• Exercise materials
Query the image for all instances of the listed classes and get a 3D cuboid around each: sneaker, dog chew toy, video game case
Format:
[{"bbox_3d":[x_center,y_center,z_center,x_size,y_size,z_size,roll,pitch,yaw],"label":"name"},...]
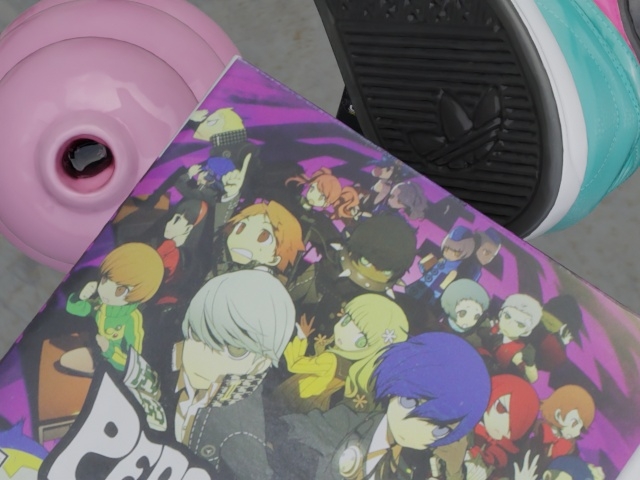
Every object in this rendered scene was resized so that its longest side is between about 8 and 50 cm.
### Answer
[{"bbox_3d":[0.080,-0.146,0.541,0.178,0.124,0.295,-9,81,-51],"label":"sneaker"},{"bbox_3d":[-0.138,-0.067,0.790,0.207,0.332,0.206,-1,100,-5],"label":"dog chew toy"},{"bbox_3d":[0.000,0.079,0.420,0.232,0.042,0.210,35,83,17],"label":"video game case"}]

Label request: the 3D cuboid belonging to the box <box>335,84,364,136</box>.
[{"bbox_3d":[0.046,-0.108,0.807,0.052,0.083,0.062,23,67,3],"label":"box"}]
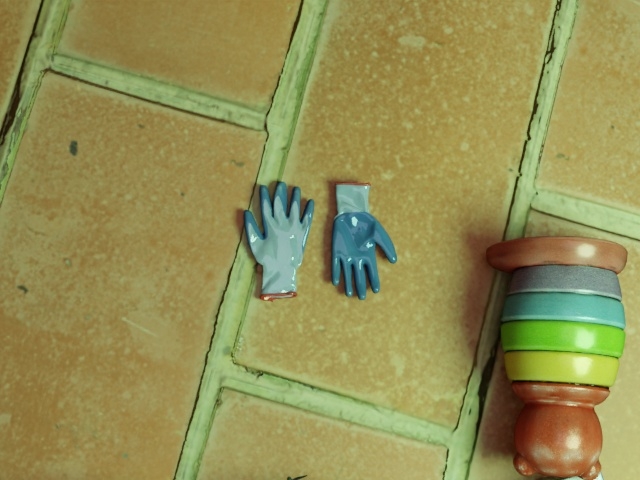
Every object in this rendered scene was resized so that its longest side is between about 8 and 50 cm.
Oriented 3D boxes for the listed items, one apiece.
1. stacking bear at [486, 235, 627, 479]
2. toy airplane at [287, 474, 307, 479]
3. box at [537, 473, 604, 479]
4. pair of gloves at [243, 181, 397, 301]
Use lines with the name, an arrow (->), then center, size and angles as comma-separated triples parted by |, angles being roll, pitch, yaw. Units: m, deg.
stacking bear -> 0.297, 0.149, 1.459 | 0.175, 0.164, 0.289 | 4, 81, -4
toy airplane -> -0.010, 0.350, 1.394 | 0.151, 0.028, 0.151 | 2, 79, -10
box -> 0.298, 0.363, 1.472 | 0.137, 0.072, 0.126 | -17, 83, -7
pair of gloves -> 0.000, 0.000, 1.529 | 0.198, 0.023, 0.159 | -2, 83, -4
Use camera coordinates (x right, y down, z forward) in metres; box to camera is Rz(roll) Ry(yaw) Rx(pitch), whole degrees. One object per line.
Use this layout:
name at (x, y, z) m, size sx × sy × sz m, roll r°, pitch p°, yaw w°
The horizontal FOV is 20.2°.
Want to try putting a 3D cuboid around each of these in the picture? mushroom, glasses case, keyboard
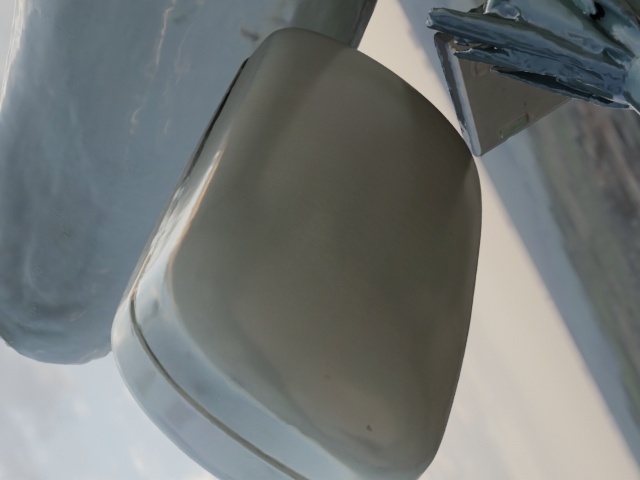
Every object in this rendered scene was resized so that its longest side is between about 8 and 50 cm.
mushroom at (-0.038, -0.115, 0.641) m, size 0.137 × 0.154 × 0.407 m, roll 35°, pitch 140°, yaw 6°
glasses case at (0.000, 0.000, 0.465) m, size 0.081 × 0.051 × 0.204 m, roll 36°, pitch -155°, yaw -8°
keyboard at (0.110, -0.092, 0.617) m, size 0.017 × 0.166 × 0.055 m, roll 42°, pitch 159°, yaw 45°

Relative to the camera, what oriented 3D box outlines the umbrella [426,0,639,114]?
umbrella at (0.063, -0.020, 0.295) m, size 0.269 × 0.044 × 0.044 m, roll 49°, pitch 172°, yaw 47°

• Problem statement
Without changing a word, transcribe all of the data and omit its images.

• Reply to the exercise
Query the image for all instances of the listed classes and get a 3D cuboid around each: sneaker, dog chew toy, video game case
Format:
[{"bbox_3d":[x_center,y_center,z_center,x_size,y_size,z_size,roll,pitch,yaw],"label":"name"},...]
Every object in this rendered scene was resized so that its longest side is between about 8 and 50 cm.
### Answer
[{"bbox_3d":[0.080,-0.146,0.541,0.178,0.124,0.295,-9,81,-51],"label":"sneaker"},{"bbox_3d":[-0.138,-0.067,0.790,0.207,0.332,0.206,-1,100,-5],"label":"dog chew toy"},{"bbox_3d":[0.000,0.079,0.420,0.232,0.042,0.210,35,83,17],"label":"video game case"}]

Label request: the 3D cuboid belonging to the box <box>335,84,364,136</box>.
[{"bbox_3d":[0.046,-0.108,0.807,0.052,0.083,0.062,23,67,3],"label":"box"}]
Every object in this rendered scene was resized so that its longest side is between about 8 and 50 cm.
Oriented 3D boxes for the listed items, one apiece.
1. stacking bear at [486, 235, 627, 479]
2. toy airplane at [287, 474, 307, 479]
3. box at [537, 473, 604, 479]
4. pair of gloves at [243, 181, 397, 301]
Use lines with the name, an arrow (->), then center, size and angles as comma-separated triples parted by |, angles being roll, pitch, yaw. Units: m, deg.
stacking bear -> 0.297, 0.149, 1.459 | 0.175, 0.164, 0.289 | 4, 81, -4
toy airplane -> -0.010, 0.350, 1.394 | 0.151, 0.028, 0.151 | 2, 79, -10
box -> 0.298, 0.363, 1.472 | 0.137, 0.072, 0.126 | -17, 83, -7
pair of gloves -> 0.000, 0.000, 1.529 | 0.198, 0.023, 0.159 | -2, 83, -4
Use camera coordinates (x right, y down, z forward) in metres; box to camera is Rz(roll) Ry(yaw) Rx(pitch), whole degrees. One object per line.
Use this layout:
name at (x, y, z) m, size sx × sy × sz m, roll r°, pitch p°, yaw w°
The horizontal FOV is 20.2°.
Want to try putting a 3D cuboid around each of these in the picture? mushroom, glasses case, keyboard
Every object in this rendered scene was resized so that its longest side is between about 8 and 50 cm.
mushroom at (-0.038, -0.115, 0.641) m, size 0.137 × 0.154 × 0.407 m, roll 35°, pitch 140°, yaw 6°
glasses case at (0.000, 0.000, 0.465) m, size 0.081 × 0.051 × 0.204 m, roll 36°, pitch -155°, yaw -8°
keyboard at (0.110, -0.092, 0.617) m, size 0.017 × 0.166 × 0.055 m, roll 42°, pitch 159°, yaw 45°

Relative to the camera, what oriented 3D box outlines the umbrella [426,0,639,114]?
umbrella at (0.063, -0.020, 0.295) m, size 0.269 × 0.044 × 0.044 m, roll 49°, pitch 172°, yaw 47°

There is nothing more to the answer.